--- Problem statement ---
The required output is every line from the beginning of the entries below through the line that includes "Numbers: x, y, z, sx, sy, sz, roll, pitch, yaw. Meters", copied exactly.
Input data section start
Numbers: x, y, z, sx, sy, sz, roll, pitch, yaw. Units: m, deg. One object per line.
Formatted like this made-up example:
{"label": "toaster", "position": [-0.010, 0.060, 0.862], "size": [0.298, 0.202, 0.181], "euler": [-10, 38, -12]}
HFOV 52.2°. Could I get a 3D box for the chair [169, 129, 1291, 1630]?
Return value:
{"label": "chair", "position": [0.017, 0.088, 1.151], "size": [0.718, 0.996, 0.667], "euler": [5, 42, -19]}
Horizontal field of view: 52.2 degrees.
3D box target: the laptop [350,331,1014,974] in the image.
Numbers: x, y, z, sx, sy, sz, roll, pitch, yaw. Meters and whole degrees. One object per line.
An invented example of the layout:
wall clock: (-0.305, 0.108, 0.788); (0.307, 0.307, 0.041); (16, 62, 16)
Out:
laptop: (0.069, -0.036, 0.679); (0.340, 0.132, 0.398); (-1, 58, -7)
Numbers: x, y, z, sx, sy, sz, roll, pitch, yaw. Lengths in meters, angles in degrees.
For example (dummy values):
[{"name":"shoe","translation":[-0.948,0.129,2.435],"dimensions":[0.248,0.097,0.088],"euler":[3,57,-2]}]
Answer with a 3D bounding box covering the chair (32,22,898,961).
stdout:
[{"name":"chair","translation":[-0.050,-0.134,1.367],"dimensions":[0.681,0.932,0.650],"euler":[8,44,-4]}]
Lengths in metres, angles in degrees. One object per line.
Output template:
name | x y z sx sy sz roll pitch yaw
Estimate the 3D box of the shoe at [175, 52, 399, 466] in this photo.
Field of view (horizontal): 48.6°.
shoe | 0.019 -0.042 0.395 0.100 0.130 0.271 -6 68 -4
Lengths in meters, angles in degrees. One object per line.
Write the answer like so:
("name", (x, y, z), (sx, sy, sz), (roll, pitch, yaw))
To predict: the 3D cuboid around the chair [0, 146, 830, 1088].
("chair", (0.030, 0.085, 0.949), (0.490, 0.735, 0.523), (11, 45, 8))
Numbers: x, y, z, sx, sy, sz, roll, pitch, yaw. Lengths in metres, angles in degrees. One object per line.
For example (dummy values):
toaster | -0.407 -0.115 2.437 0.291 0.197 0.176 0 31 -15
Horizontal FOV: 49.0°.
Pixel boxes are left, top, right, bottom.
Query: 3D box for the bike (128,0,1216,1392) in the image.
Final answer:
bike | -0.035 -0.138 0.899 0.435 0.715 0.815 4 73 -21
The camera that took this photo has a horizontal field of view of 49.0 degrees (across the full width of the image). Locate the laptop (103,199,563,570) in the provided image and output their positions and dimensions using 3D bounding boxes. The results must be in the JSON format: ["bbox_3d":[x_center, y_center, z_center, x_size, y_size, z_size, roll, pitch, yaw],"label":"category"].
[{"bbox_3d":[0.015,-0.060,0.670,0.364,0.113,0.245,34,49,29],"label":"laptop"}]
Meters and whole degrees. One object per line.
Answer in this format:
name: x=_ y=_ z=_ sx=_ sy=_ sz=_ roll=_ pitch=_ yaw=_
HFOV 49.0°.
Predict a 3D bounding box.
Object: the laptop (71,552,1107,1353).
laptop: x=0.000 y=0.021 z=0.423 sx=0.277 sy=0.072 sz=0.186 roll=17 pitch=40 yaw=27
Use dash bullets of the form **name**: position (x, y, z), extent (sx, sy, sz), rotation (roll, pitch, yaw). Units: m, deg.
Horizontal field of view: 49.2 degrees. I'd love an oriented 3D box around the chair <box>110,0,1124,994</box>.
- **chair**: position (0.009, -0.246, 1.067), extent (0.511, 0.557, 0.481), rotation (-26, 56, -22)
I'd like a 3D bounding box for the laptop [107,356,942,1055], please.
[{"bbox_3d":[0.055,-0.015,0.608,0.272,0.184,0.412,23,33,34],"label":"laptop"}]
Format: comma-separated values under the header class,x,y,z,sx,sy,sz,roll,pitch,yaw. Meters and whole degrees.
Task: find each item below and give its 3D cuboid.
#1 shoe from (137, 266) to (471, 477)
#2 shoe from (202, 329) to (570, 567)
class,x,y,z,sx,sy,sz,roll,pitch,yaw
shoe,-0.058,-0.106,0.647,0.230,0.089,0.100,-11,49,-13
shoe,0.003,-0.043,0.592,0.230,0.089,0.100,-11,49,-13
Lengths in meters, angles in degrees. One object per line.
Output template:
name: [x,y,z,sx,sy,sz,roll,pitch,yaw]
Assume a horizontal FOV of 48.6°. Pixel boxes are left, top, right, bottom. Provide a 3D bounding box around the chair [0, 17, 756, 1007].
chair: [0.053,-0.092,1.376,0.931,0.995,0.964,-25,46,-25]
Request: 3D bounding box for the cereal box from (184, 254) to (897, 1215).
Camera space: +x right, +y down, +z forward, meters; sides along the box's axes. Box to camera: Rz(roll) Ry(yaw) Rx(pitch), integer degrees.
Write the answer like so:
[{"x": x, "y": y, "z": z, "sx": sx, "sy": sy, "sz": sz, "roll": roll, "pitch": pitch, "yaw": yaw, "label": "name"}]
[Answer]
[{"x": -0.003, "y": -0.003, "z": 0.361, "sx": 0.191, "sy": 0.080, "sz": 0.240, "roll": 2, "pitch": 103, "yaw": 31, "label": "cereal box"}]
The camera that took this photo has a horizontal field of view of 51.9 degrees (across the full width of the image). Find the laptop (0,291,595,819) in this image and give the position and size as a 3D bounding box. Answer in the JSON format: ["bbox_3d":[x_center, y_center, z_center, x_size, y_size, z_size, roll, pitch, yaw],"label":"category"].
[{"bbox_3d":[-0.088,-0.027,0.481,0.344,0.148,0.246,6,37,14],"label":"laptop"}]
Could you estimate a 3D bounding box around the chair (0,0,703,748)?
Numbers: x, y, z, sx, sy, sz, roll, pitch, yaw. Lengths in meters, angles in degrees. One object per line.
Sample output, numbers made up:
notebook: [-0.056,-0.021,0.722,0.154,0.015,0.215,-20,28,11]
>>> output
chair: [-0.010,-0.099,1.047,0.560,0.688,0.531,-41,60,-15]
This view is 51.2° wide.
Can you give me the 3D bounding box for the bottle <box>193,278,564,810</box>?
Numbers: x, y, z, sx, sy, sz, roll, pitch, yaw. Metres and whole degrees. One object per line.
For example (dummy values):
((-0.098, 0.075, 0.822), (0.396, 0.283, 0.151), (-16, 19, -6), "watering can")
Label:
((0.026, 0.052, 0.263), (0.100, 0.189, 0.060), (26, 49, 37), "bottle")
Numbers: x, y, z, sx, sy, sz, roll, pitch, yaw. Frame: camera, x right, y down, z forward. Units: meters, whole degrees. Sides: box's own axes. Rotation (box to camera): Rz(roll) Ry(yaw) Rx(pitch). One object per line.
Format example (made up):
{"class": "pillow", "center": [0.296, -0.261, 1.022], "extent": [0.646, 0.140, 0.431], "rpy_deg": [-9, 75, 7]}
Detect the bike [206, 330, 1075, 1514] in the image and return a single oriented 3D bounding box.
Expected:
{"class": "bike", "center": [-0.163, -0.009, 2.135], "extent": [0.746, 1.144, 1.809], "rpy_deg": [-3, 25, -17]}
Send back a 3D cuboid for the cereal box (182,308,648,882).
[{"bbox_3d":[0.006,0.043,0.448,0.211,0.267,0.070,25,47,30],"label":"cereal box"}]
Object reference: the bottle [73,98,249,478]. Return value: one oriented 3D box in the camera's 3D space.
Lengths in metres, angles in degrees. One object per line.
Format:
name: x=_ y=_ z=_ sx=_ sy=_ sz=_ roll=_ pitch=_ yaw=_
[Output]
Input data section end
--- Solution to this task ---
Numbers: x, y, z, sx, sy, sz, roll, pitch, yaw. Units: m, deg. One object per line.
Formatted like this made-up example:
{"label": "toaster", "position": [-0.010, 0.060, 0.862], "size": [0.298, 0.202, 0.181], "euler": [-10, 38, -12]}
HFOV 52.2°. Could I get a 3D box for the chair [169, 129, 1291, 1630]?
Return value:
{"label": "chair", "position": [0.017, 0.088, 1.151], "size": [0.718, 0.996, 0.667], "euler": [5, 42, -19]}
Horizontal field of view: 52.2 degrees.
3D box target: the laptop [350,331,1014,974] in the image.
Numbers: x, y, z, sx, sy, sz, roll, pitch, yaw. Meters and whole degrees. One object per line.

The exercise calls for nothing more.